– С тобой все в порядке? – неожиданно спросил парень рядом со мной.
Я повернулась к нему с вопросительным взглядом.
Он поднял палец и покрутил им вокруг моего лица.
– Ты какая-то бледная.
Я сглотнула:
– Тяжелая неделя.
– Добро пожаловать в клуб.
– Йога должна помочь, – заявила я с бо́льшим оптимизмом, чем на самом деле чувствовала.
– В прошлый раз у меня икру свело. До сих пор не уверен, правильно ли сделал, что пришел сюда снова.

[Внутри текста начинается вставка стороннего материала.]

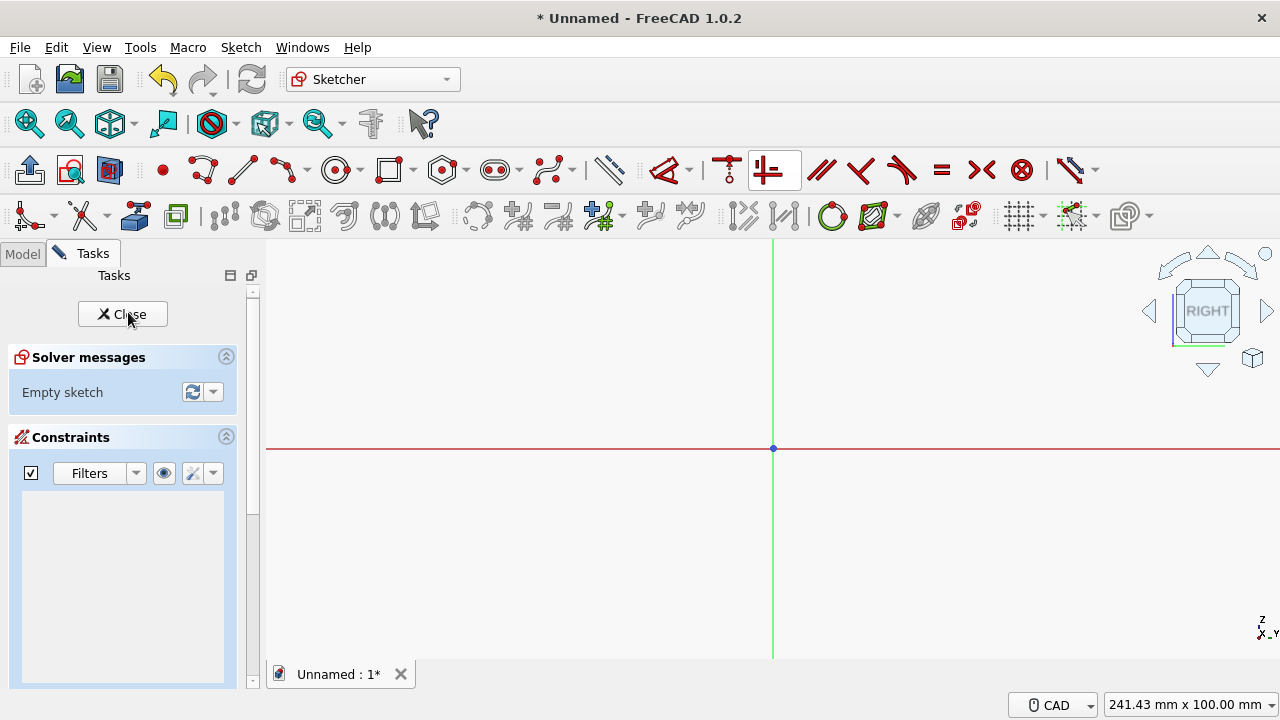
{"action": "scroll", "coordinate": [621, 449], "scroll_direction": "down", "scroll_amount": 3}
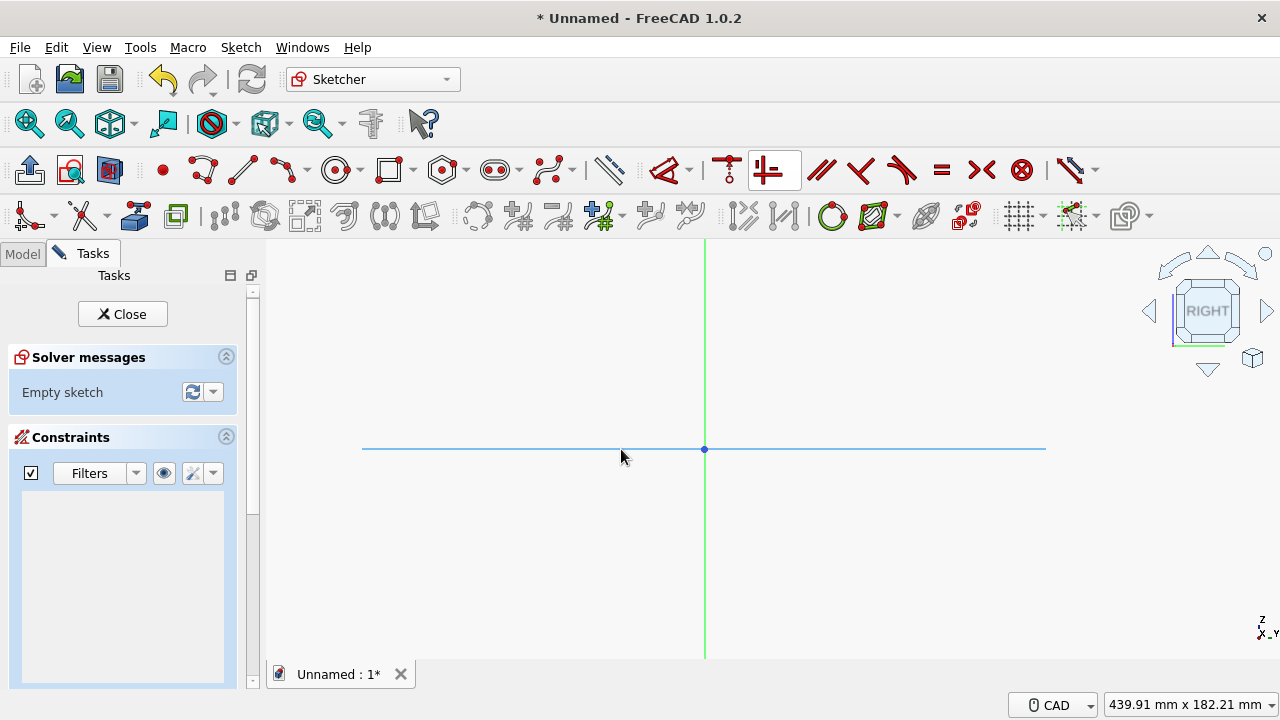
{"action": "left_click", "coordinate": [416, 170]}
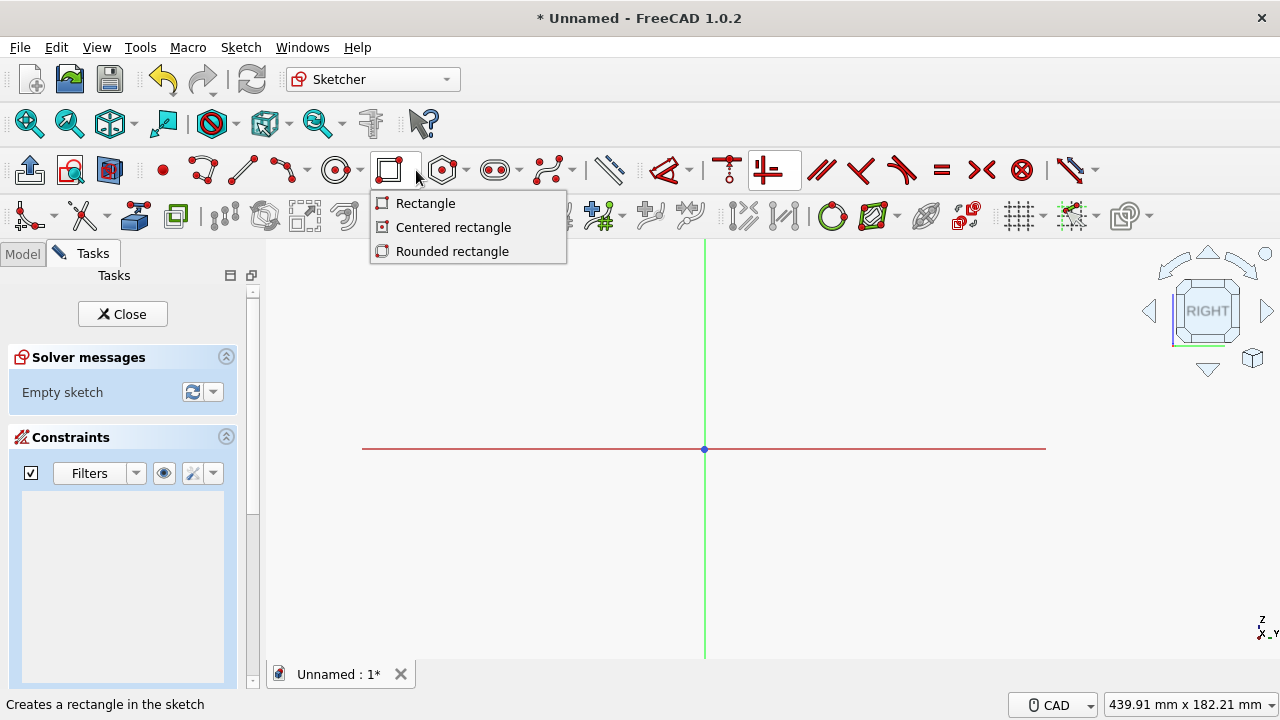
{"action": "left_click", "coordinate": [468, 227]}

– Мне кажется, у многих на йоге сводит мышцы. Просто никто не признается.
– Думаешь?
Кивнув, я вытянула руки над головой.
– Когда я еще жила в Лос-Анджелесе, по выходным всегда занималась йогой в похожей группе. Там все делали вид, что едины с природой, но если присмотреться, то у большинства можно было заметить вот такие перекошенные лица. – Я изобразила преувеличенно сосредоточенное выражение, которое заставило парня около меня расхохотаться.
Отсмеявшись, он внимательно присмотрелся ко мне:
– По тебе заметно, что ты калифорнийская девчонка.
Я удивилась:
– Серьезно?
Он кивнул:
– Загар, выгоревшие пряди волос и футболка – однозначные улики.
Я опустила глаза на свою одежду.
– Футболка с «Доджерс»[6] – весьма очевидно, тут ты прав.
– Я тоже как-то думал перебраться в Калифорнию, – сказал он, и его взгляд затуманился.
– А как ты оказался в Вудсхилле?
Он пожал плечами:
– Хочу стать учителем, а у здешнего университета отличная репутация. Я рад, что меня сюда приняли, и мне тут нравится. Но и в Лос-Анджелесе тоже что-то есть. Я всегда представляю себе это как в кино: на каждом углу встречаешь актеров и музыкантов и наслаждаешься потрясной погодой на пляже.
Примерно то же самое воображала себе и я. Потребовалось время, чтобы осознать, что в действительности все по-другому.
– Там было довольно здорово, – солгала я. А на его вопросительный взгляд добавила: – Здорово, но дорого.
– Тогда я даже шутки ради искал там квартиру. Они просят такие суммы – просто жесть. Тут преимущество на стороне Вудсхилла.
– Вперед, Вудсхилл! – воскликнула я и помахала невидимым флажком, что вызвало у него улыбку.
– Кстати, я Скотт. – Он сложил ладони перед собой и слегка поклонился.
– Рада познакомиться, Скотт. Я Джуд. – Я повторила его поклон.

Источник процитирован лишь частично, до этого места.